** WHAT TO WORK ON **
For the material below, return exactly the lines starting at the one holding "Meters and whole" and ending at the one holding "#5 plate <box>634,369,719,539</box>", counting both as part of the range.

**** DATA FOR PROCESSING

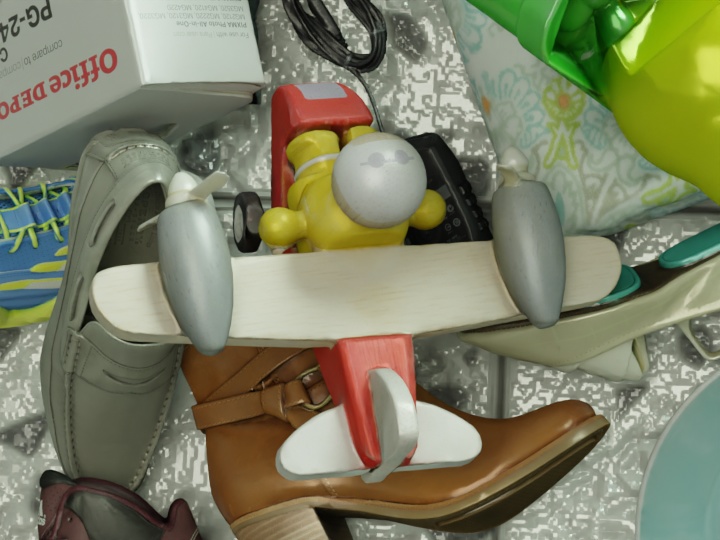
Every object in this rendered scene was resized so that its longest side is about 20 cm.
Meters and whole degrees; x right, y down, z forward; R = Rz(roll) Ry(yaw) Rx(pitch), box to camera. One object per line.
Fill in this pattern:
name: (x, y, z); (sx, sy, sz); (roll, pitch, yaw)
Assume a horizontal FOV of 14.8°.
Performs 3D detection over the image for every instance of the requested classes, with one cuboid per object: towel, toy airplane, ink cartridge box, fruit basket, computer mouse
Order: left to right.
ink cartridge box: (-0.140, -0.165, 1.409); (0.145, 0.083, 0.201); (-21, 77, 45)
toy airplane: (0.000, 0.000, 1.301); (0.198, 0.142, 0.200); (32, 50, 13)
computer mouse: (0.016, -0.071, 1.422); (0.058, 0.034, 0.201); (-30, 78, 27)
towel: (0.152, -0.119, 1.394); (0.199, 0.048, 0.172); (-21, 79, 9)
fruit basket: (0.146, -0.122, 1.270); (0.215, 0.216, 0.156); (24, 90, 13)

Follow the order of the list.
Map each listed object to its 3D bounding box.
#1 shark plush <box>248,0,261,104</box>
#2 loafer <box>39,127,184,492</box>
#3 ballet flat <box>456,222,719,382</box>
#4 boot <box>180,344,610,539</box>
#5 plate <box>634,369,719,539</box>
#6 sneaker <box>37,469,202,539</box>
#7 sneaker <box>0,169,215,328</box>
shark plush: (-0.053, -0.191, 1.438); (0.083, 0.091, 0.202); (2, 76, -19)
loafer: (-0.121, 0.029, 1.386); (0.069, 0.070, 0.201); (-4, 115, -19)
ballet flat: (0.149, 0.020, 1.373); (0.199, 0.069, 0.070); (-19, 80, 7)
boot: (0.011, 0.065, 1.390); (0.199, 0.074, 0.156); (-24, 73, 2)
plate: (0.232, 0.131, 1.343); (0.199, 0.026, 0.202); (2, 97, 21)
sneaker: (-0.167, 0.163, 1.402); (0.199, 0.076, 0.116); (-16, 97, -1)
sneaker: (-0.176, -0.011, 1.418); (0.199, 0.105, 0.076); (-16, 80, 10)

********
**** DATA FOR PROCESSING

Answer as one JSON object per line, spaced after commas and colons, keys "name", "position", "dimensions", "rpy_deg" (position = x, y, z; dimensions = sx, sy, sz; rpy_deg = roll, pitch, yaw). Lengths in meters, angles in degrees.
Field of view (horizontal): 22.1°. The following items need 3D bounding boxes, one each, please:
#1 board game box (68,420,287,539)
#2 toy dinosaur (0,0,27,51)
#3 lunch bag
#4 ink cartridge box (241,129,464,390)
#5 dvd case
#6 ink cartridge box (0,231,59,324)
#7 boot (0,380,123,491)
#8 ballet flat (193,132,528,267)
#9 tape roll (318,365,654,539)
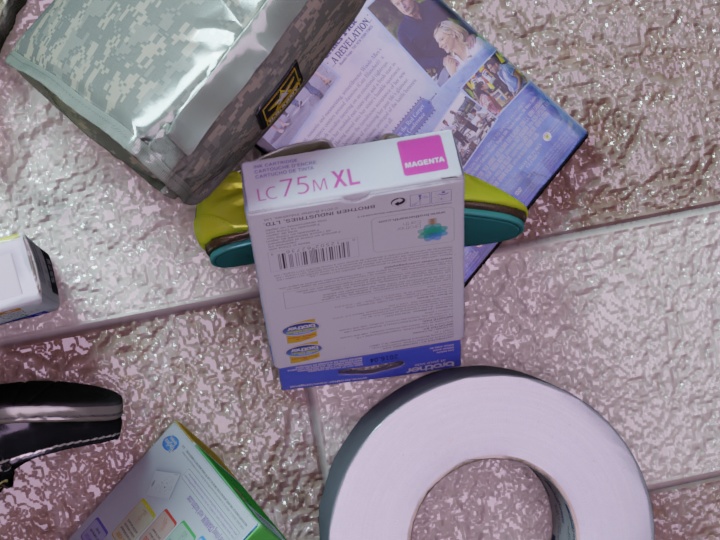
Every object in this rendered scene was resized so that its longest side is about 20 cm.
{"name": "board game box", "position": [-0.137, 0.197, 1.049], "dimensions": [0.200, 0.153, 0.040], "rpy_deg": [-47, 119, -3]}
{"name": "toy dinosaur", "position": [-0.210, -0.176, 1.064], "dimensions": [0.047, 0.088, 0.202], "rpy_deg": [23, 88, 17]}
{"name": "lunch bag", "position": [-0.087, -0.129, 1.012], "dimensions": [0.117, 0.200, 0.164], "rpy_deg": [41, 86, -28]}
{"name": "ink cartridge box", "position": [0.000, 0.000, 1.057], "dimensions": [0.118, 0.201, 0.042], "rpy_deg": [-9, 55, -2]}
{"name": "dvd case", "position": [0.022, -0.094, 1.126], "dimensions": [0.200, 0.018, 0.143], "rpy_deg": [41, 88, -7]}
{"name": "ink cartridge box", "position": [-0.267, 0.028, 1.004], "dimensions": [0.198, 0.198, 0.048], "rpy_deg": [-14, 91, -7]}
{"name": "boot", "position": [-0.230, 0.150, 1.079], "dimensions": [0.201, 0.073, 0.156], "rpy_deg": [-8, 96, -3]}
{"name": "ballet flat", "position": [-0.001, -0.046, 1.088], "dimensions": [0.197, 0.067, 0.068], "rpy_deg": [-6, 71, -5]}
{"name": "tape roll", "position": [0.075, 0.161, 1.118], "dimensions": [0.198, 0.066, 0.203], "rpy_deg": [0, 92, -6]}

********

** FINAL ANSWER **
Meters and whole degrees; x right, y down, z forward; R = Rz(roll) Ry(yaw) Rx(pitch), box to camera. One object per line.
Fill in this pattern:
name: (x, y, z); (sx, sy, sz); (roll, pitch, yaw)
Assume a horizontal FOV of 14.8°.
Performs 3D detection over the image for every instance of the requested classes, with one cuboid per object: towel, toy airplane, ink cartridge box, fruit basket, computer mouse
Order: left to right.
ink cartridge box: (-0.140, -0.165, 1.409); (0.145, 0.083, 0.201); (-21, 77, 45)
toy airplane: (0.000, 0.000, 1.301); (0.198, 0.142, 0.200); (32, 50, 13)
computer mouse: (0.016, -0.071, 1.422); (0.058, 0.034, 0.201); (-30, 78, 27)
towel: (0.152, -0.119, 1.394); (0.199, 0.048, 0.172); (-21, 79, 9)
fruit basket: (0.146, -0.122, 1.270); (0.215, 0.216, 0.156); (24, 90, 13)

Follow the order of the list.
Map each listed object to its 3D bounding box.
#1 shark plush <box>248,0,261,104</box>
#2 loafer <box>39,127,184,492</box>
#3 ballet flat <box>456,222,719,382</box>
#4 boot <box>180,344,610,539</box>
#5 plate <box>634,369,719,539</box>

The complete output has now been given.